Medan, Langkatoday.com – Ratusan mahasiswa bersama masyarakat Kenegerian Sihotang, Kabupaten Samosir, menggelar aksi damai di depan Pengadilan Negeri Medan, Kamis (23/7), untuk mengawal jalannya persidangan dugaan tindak pidana korupsi Program Bantuan Sosial (Bansos) PENA Tahun Anggaran 2024.
Aksi tersebut digelar sebagai bentuk dukungan terhadap proses penegakan hukum sekaligus menyuarakan harapan agar perkara dugaan korupsi bantuan sosial tersebut diusut secara menyeluruh tanpa tebang pilih.
Bagi warga Desa Siparmahan, Desa Sappur Toba, dan Desa Hariara Pohan, Kecamatan Harian, perkara ini dinilai menyangkut hak masyarakat yang seharusnya menerima manfaat dari program bantuan sosial pemerintah.
Dalam orasinya, massa aksi memberikan apresiasi kepada Kejaksaan Negeri Samosir yang telah membawa perkara tersebut ke meja hijau. Namun mereka berharap proses hukum tidak berhenti pada terdakwa yang kini sedang disidangkan apabila nantinya ditemukan alat bukti yang mengarah kepada pihak lain.
“Kami mendukung penuh upaya penegakan hukum yang dilakukan Kejaksaan Negeri Samosir. Namun kami berharap pengusutan dilakukan secara menyeluruh agar seluruh fakta dapat terungkap,” ujar salah seorang perwakilan massa dalam orasinya.
Dalam aksi tersebut, masyarakat juga menyampaikan sejumlah tuntutan, di antaranya mendukung Kejaksaan Negeri Samosir mengusut tuntas dugaan korupsi Program Bansos PENA Tahun 2024 serta meminta penyidik memeriksa sejumlah pihak yang dinilai mengetahui atau diduga memiliki keterkaitan dengan perkara tersebut.
Pihak-pihak yang diminta untuk diperiksa antara lain Bupati Samosir, Sekretaris Daerah Kabupaten Samosir, Direktur Utama BUMDesma Marsahatahi Pangururan, serta Kepala Desa Siparmahan, Kepala Desa Sappur Toba, dan Kepala Desa Hariara Pohan.
Menurut massa aksi, permintaan tersebut bukan untuk menyatakan seseorang bersalah, melainkan agar seluruh dugaan yang berkembang dapat diuji melalui mekanisme hukum yang berlaku.

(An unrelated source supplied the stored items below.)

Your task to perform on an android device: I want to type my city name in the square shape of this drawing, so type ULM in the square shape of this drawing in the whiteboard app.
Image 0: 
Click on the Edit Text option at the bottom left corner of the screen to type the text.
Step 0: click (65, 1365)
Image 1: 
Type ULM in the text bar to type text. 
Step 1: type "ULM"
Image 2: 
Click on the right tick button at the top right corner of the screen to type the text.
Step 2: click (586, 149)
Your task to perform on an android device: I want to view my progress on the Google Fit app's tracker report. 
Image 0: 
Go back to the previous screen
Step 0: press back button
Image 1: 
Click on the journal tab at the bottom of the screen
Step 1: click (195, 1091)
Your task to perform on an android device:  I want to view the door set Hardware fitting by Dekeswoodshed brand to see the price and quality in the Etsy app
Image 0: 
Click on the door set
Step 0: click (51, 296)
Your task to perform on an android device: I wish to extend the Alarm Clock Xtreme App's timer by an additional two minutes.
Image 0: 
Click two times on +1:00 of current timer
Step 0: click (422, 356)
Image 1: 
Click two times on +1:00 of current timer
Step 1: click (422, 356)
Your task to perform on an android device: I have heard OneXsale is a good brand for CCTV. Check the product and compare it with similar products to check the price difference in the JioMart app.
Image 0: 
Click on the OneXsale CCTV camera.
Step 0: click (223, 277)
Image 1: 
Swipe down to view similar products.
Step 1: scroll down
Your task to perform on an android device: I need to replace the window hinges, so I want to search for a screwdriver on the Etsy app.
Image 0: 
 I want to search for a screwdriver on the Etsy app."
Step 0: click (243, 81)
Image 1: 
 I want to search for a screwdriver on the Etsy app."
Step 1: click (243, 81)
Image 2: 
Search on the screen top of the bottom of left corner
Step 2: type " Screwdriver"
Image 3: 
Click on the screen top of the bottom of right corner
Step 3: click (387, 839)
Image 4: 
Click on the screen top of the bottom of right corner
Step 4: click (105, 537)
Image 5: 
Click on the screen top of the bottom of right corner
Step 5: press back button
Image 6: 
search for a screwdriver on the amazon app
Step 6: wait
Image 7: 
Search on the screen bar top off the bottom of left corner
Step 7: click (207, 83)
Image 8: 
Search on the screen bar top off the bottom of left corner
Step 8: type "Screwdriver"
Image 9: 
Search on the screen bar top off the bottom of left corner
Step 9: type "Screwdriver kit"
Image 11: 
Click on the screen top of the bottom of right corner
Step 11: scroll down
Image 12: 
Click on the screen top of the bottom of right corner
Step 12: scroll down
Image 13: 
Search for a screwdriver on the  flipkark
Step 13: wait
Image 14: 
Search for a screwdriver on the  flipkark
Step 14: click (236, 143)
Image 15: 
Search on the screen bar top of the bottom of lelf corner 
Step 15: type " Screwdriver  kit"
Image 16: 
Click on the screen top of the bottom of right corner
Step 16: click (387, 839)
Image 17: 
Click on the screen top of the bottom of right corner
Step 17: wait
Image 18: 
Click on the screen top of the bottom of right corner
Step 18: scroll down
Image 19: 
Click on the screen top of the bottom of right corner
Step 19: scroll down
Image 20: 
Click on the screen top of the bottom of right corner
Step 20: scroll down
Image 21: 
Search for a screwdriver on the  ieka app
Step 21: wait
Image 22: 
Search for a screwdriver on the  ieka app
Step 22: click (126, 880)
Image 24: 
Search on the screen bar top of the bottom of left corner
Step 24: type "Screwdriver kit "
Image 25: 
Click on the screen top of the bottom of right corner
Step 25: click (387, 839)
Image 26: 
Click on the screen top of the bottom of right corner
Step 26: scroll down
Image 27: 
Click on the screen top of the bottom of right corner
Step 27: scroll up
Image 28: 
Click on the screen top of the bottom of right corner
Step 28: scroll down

Selain itu, mereka juga meminta aparat penegak hukum menindaklanjuti berbagai pengaduan masyarakat yang sebelumnya telah disampaikan kepada pemerintah pusat, termasuk surat dari Kementerian Sekretariat Negara Republik Indonesia Nomor B-49/D-2/Dumas/DM.02/11/2024 tertanggal 20 November 2024 terkait pengaduan Program Bansos PENA.
Aksi yang mendapat pengawalan aparat kepolisian berlangsung tertib dan damai. Kehadiran mahasiswa dinilai sebagai bentuk kepedulian terhadap pentingnya pengawasan publik terhadap proses peradilan agar berjalan transparan, profesional, dan bebas dari intervensi.
Massa menilai bantuan sosial merupakan hak masyarakat yang harus disalurkan secara tepat sasaran. Karena itu, apabila ditemukan dugaan penyimpangan, mereka berharap seluruh pihak yang bertanggung jawab diproses sesuai ketentuan hukum yang berlaku.
“Kami hadir bukan untuk mencari sensasi, tetapi untuk mengawal keadilan. Kami ingin memastikan proses hukum berjalan secara jujur, terbuka, dan tidak pandang bulu,” ujar salah seorang peserta aksi.
Hingga persidangan berlangsung, massa menyatakan akan terus mengawal perkembangan perkara tersebut sebagai bentuk kontrol masyarakat terhadap proses penegakan hukum.
Sesuai asas praduga tak bersalah, seluruh pihak yang namanya disebut dalam aspirasi massa tetap dianggap tidak bersalah sampai adanya putusan pengadilan yang berkekuatan hukum tetap.